Luckily it turned out not to be quite that easy, even with the bench arguably leaning farther right than any time since Lochner.
Steve is right that some of the original academic commentary on Youngstown did not focus on Jackson's concurring opinion--see, e.g., Paul Freund (a Jackson friend and former colleague) in the fall '52 Harvard Law Review. But attention came while Jackson was still around and long before the 1960s, 1970s or Dames & Moore. E.g., a 1/10/54 Washington Post editorial (perhaps written by skilled journalist, Court-watcher and Hughes biographer Merlo Pusey) on executive agreements quotes at length, as “perhaps the most helpful approach” to presidential-legislative tests of power, the 3-part framework from RHJ’s concurring opinion.
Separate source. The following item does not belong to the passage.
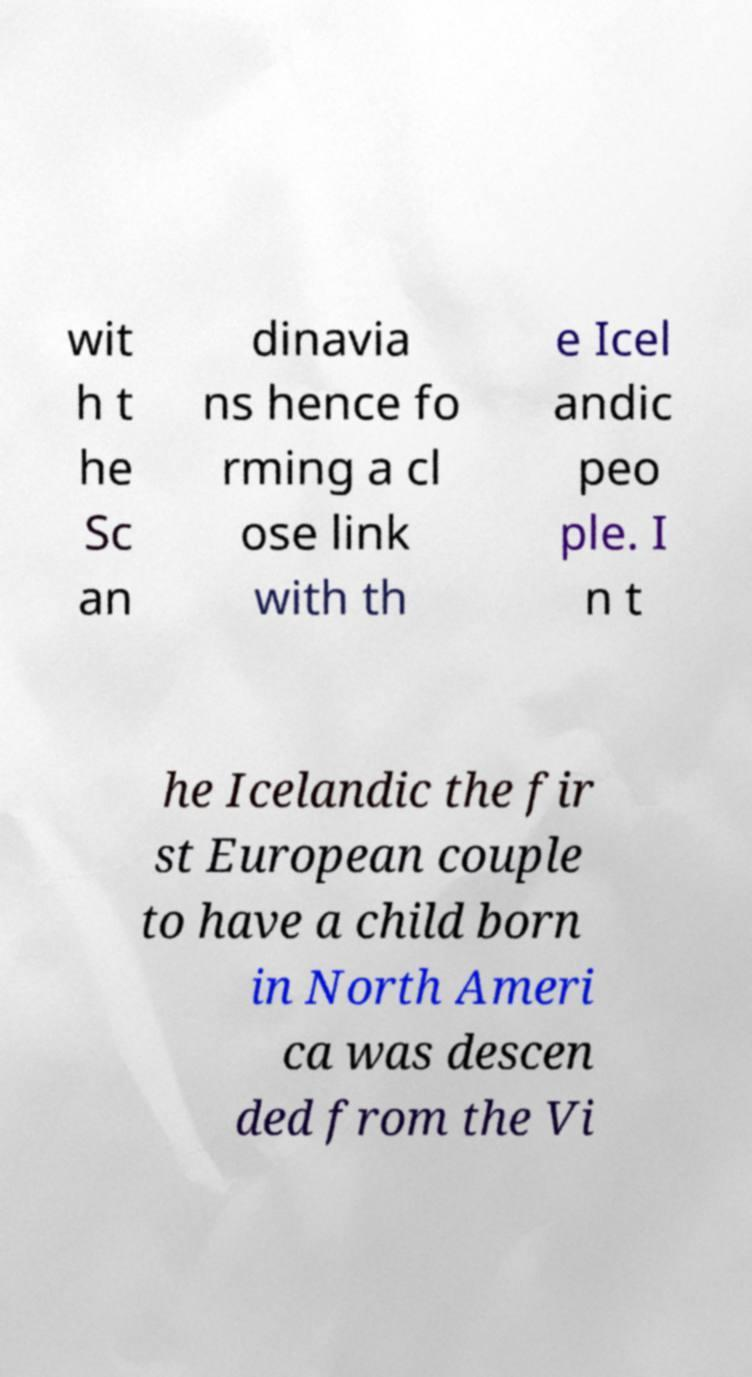There's text embedded in this image that I need extracted. Can you transcribe it verbatim? wit h t he Sc an dinavia ns hence fo rming a cl ose link with th e Icel andic peo ple. I n t he Icelandic the fir st European couple to have a child born in North Ameri ca was descen ded from the Vi 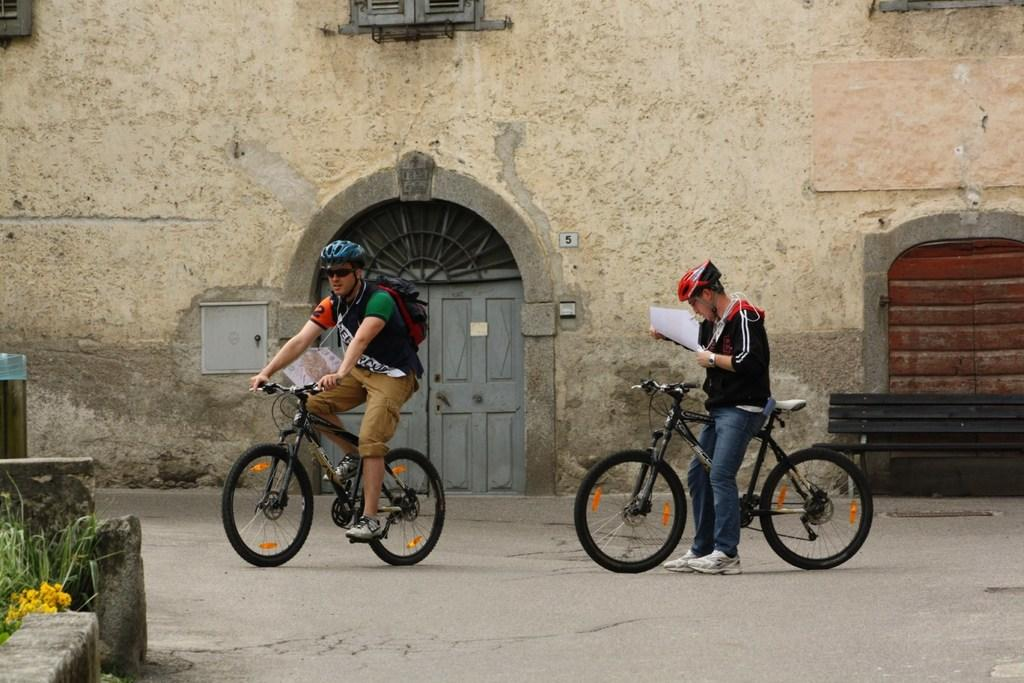How many people are in the image? There are two persons in the image. What are the persons doing in the image? The persons are on bicycles. What can be seen in the background of the image? There is a building, doors, windows, an electric shaft, and plants in the background of the image. What are the names of the dinosaurs in the image? There are no dinosaurs present in the image. How big is the yard in the image? There is no yard visible in the image.

Well first off, I think there's three categories here rather than two: domestic, foreign affairs powers, and war powers.
The foreign affairs power is about treaties and relations with other nations, and in the context of the torture memos and all things detainee, it's a chimera fabricated from misrepresntations of Foster v. Nielsen (as in Medellin), the Head Money Cases, Curtis v. Wright, and a dash of Eisentrager. See their briefs in the Hamdan case for that stuff. The war power is described concisely in Yoo's 2001.09.25 OLC memo on the topic and it's just a pure fraud that ignored the plain language of Art. I regarding the authority of Congress in military affairs. The claim is that the President can do absolutely anything he wants to regardless of the law entirely at his own discretion, and the claim isn't really Yoo's so much as Addington and Cheney's. It's nothing more or less than an attempt tosubvert both the law and the Constituion entirely in EXACTLY the way the Nazi regime subverted all law in Germany -- and that's a fact. When you put them on the spot they'll try to qualify it by say that in theory congress could refuse to provide any troops at all, but that's just BS. What they really mean is that if the President wants to systematically gang rape two year old children and eat them for dinner, that's just perfectly OK. Ditto a modern Auschwitz. But don't take my word for it -- Ask John Yoo.